I think the notion of "this day is completely novel", even though exaggerated, was supposed to highlight the fact that even things that we find mundate in everyday life do actually consist in portion of completely novel experiences (at least novel to that one specific person, not humanity as a whole). I think this is what is highlighted by the other arguments he brought up like the fact that self-driving cars need to be trained for each specific city, and they still at time stumble and do horribly stupid things because they run into one of those micro-holes in their training set, and their poor generalization skills didn't allow them to plug that hole with intelligence.

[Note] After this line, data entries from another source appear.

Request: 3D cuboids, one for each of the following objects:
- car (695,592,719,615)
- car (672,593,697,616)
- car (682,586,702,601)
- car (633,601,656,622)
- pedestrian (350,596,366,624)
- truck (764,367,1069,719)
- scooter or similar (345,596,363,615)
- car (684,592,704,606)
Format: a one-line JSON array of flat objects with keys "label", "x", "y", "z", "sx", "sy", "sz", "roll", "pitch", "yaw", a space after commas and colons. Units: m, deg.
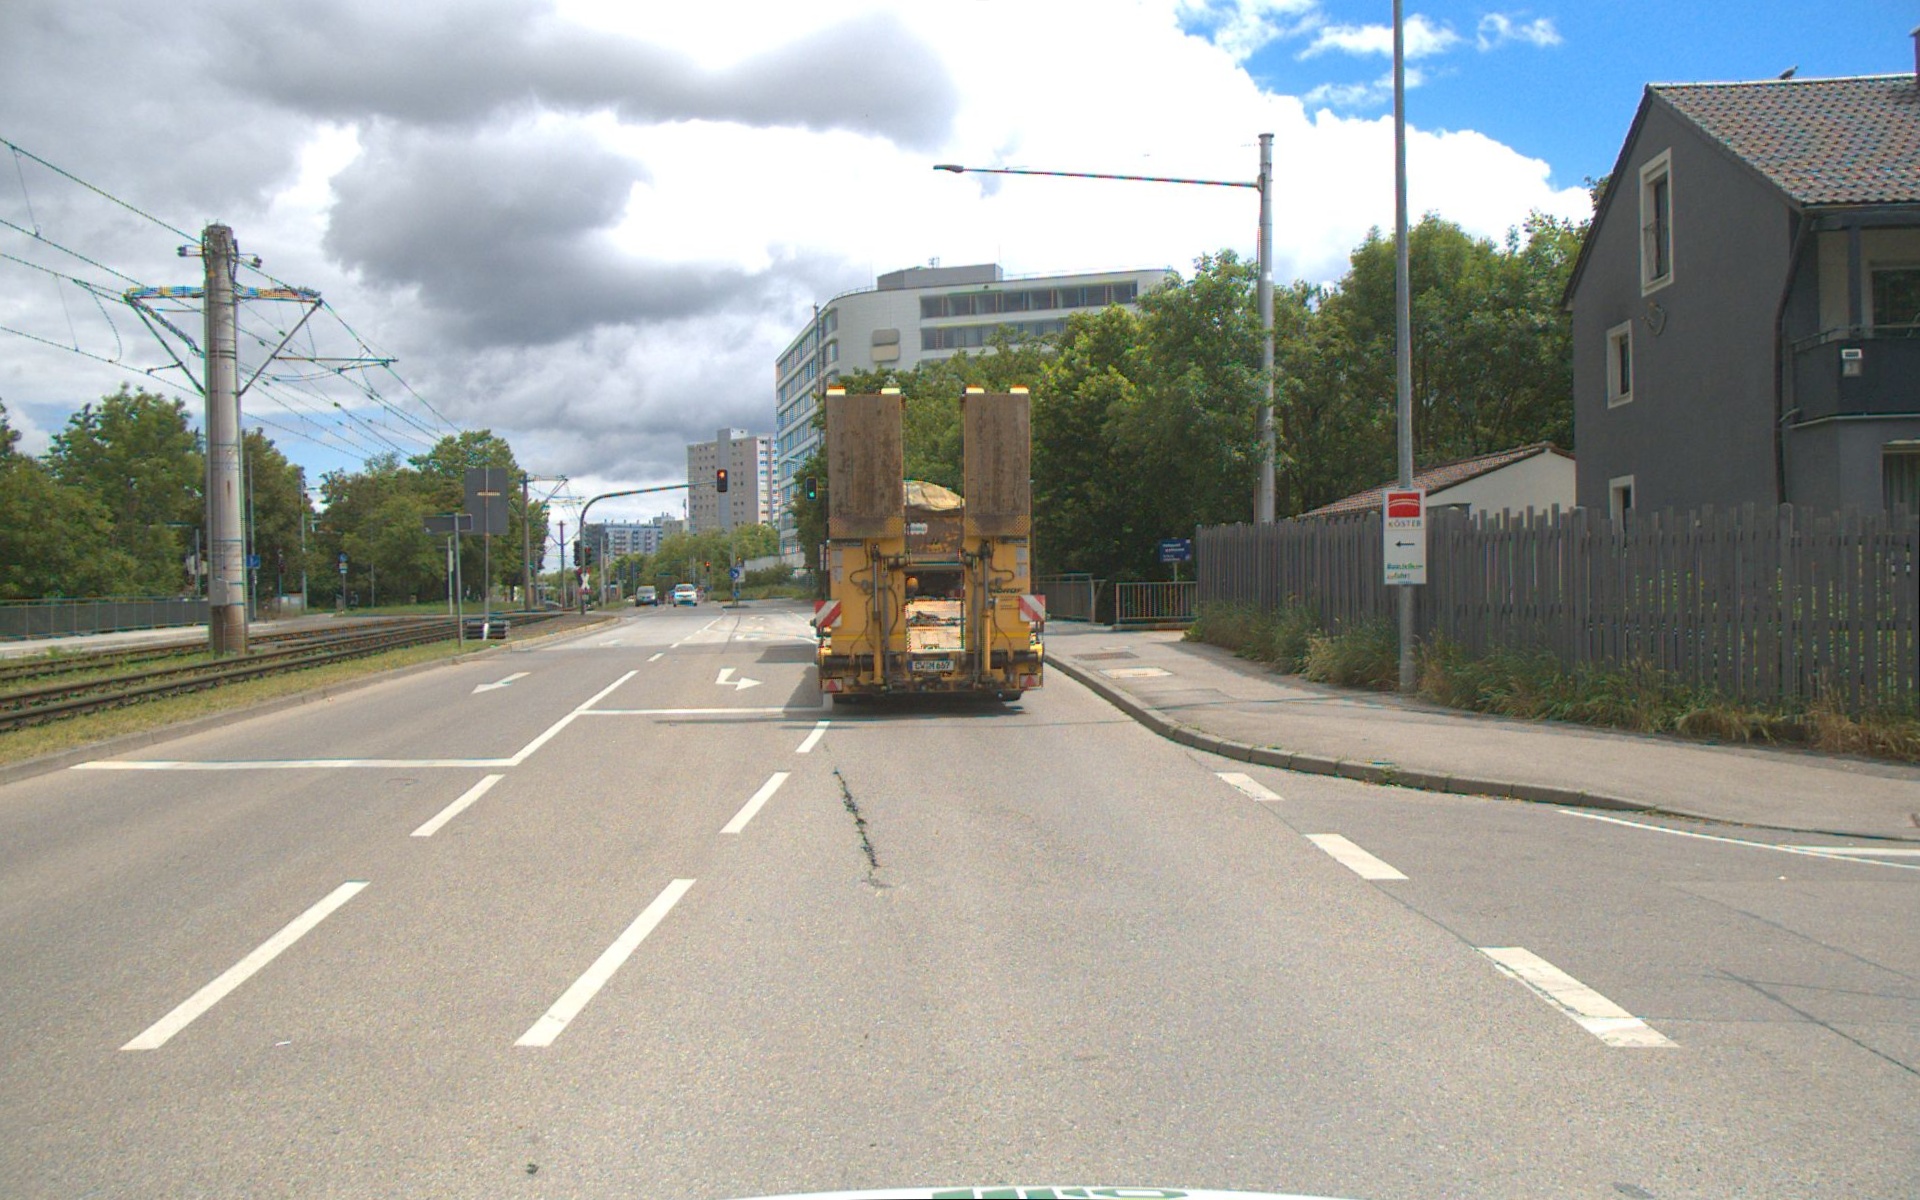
[{"label": "car", "x": -21.438, "y": 0.285, "z": 139.881, "sx": 1.957, "sy": 1.959, "sz": 3.991, "roll": 0, "pitch": 0, "yaw": -9}, {"label": "car", "x": -19.512, "y": 0.290, "z": 117.286, "sx": 1.563, "sy": 1.553, "sz": 3.648, "roll": -2, "pitch": 0, "yaw": -8}, {"label": "car", "x": -26.333, "y": -0.592, "z": 162.436, "sx": 1.957, "sy": 1.445, "sz": 3.991, "roll": 0, "pitch": 0, "yaw": -9}, {"label": "car", "x": -25.516, "y": 0.901, "z": 133.842, "sx": 1.751, "sy": 1.597, "sz": 4.334, "roll": -2, "pitch": 0, "yaw": -10}, {"label": "pedestrian", "x": -39.500, "y": 0.644, "z": 108.527, "sx": 0.786, "sy": 1.843, "sz": 0.808, "roll": 0, "pitch": 0, "yaw": -6}, {"label": "truck", "x": -0.899, "y": -0.589, "z": 23.841, "sx": 3.251, "sy": 3.715, "sz": 12.550, "roll": 0, "pitch": 0, "yaw": -4}, {"label": "scooter or similar", "x": -39.413, "y": 0.375, "z": 107.592, "sx": 0.873, "sy": 1.205, "sz": 0.971, "roll": 0, "pitch": 0, "yaw": -7}, {"label": "car", "x": -27.714, "y": -0.061, "z": 172.317, "sx": 1.957, "sy": 1.445, "sz": 3.991, "roll": 0, "pitch": 0, "yaw": -9}]

@julkiewicz 4 месяца назад

A simple example of what Chollet is talking about is that even with all the advancement, LLMs still cannot add two very large numbers together. Clearly just learning the algorithm is the most efficient and the most compact way to store that skill. And it's also has incredible predictive performance. Yet, you give the newest ChatGPT two sufficiently large numbers to add and it'll be unable to produce a good result. It won't even get the number of digits right. If you scale that, all you'll get is more memorization for larger and larger numbers in the training set. But there's no way you can train on all possible additions of two operands.

@615bla 4 месяца назад

this is actually not really very different from human mind, we also cant really multiply or add two large numbers, when we do, it is not a pure mental effort, we use tricks notes and methods that we were taught, its mechanical and external. it is not a natural action for human brains, i would even say most humans will not find the tricks required if never taught

@воининтернета 4 месяца назад

various transformer models trained specifically for addition have been studied by mech interp researchers - with sufficient training they learn a general algorithm and not just memorization. haven't seen this done though for an arbitrary number of digits, but given that the learned algorithms for fixed number of digits where quite clever, I don't have much doubt that it's possible. but the main point still holds - all the claims that DL is just memorization are easily refuted by existing mech interp research

@sloth_in_socks 4 месяца назад

I just tried adding 2 random 10 digit numbers in Gemini and it gave the right answer. Are you claiming it's memorized hundreds of billions of combinations?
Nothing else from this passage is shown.